### [WORK INSTRUCTIONS]
For each entry below, copy the text exactly and leave out any picture.

Saved data entries
☆ ☆ ☆ ☆ ☆ ☆ ☆

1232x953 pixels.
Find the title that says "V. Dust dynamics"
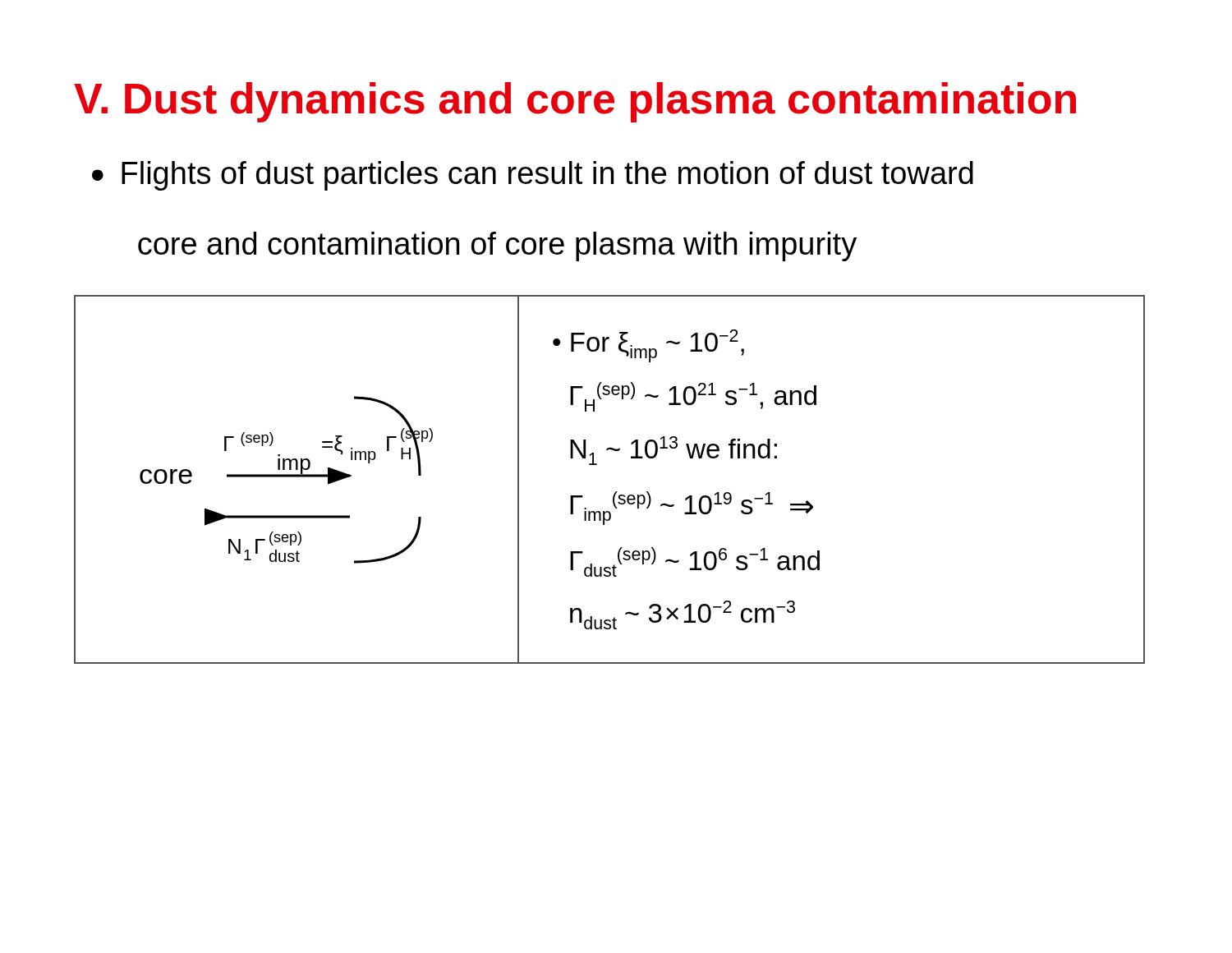click(576, 99)
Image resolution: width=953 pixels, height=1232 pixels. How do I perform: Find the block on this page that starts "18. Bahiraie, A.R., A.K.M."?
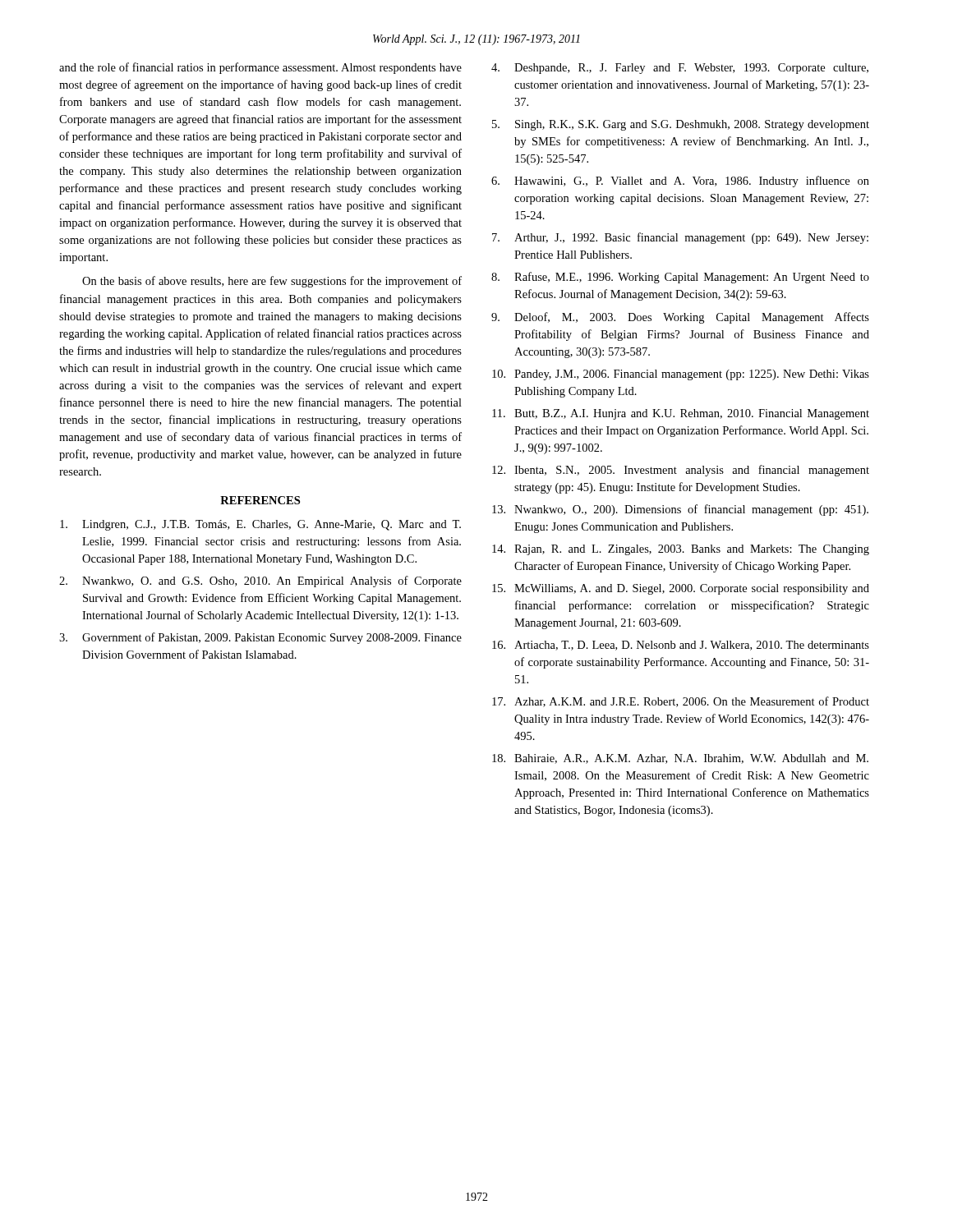coord(680,784)
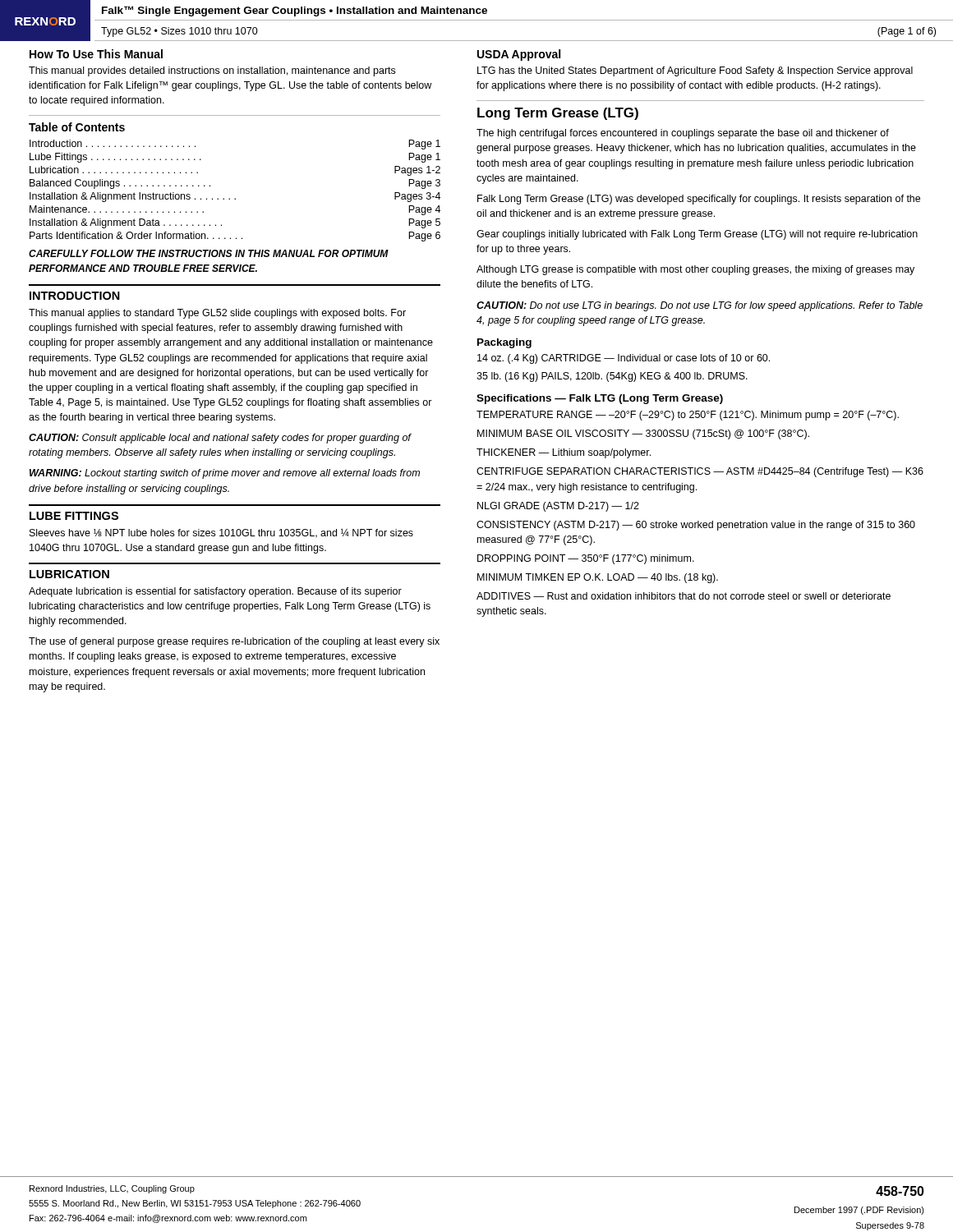Find the element starting "Although LTG grease is"
Viewport: 953px width, 1232px height.
pyautogui.click(x=700, y=277)
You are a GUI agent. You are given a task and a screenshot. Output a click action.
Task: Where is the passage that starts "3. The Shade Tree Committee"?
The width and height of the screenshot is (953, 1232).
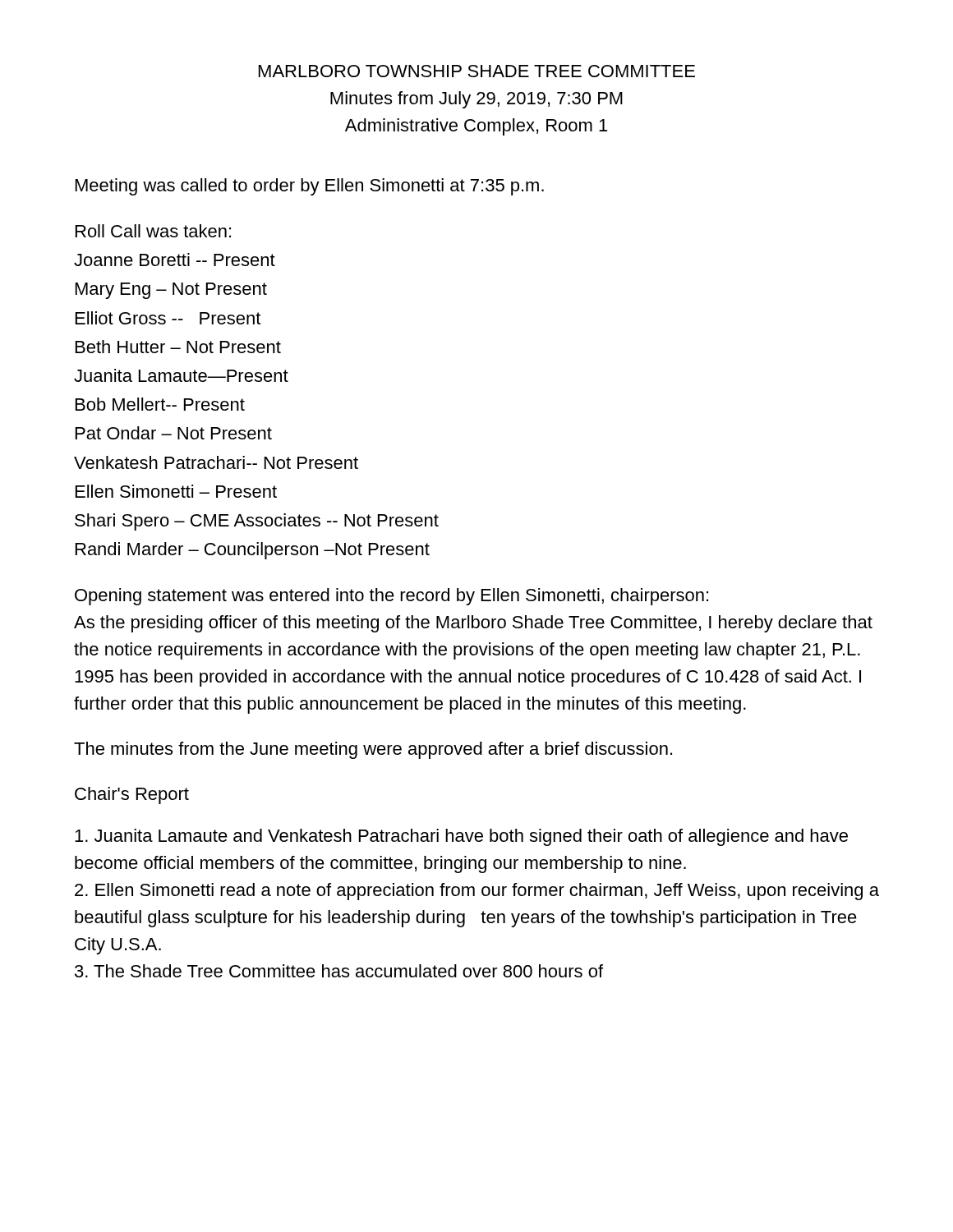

☆ ☆ ☆ ☆ ☆ ☆ ☆

### [OUTPUT]
1232x953 pixels.
Find the title that says "V. Dust dynamics"
click(576, 99)
Image resolution: width=953 pixels, height=1232 pixels. How do I perform: Find the block on this page that starts "18. Bahiraie, A.R., A.K.M."?
coord(680,784)
Find the element starting "Although LTG grease is"
Viewport: 953px width, 1232px height.
pyautogui.click(x=700, y=277)
You are a GUI agent. You are given a task and a screenshot. Output a click action.
Task: Where is the passage that starts "3. The Shade Tree Committee"?
The width and height of the screenshot is (953, 1232).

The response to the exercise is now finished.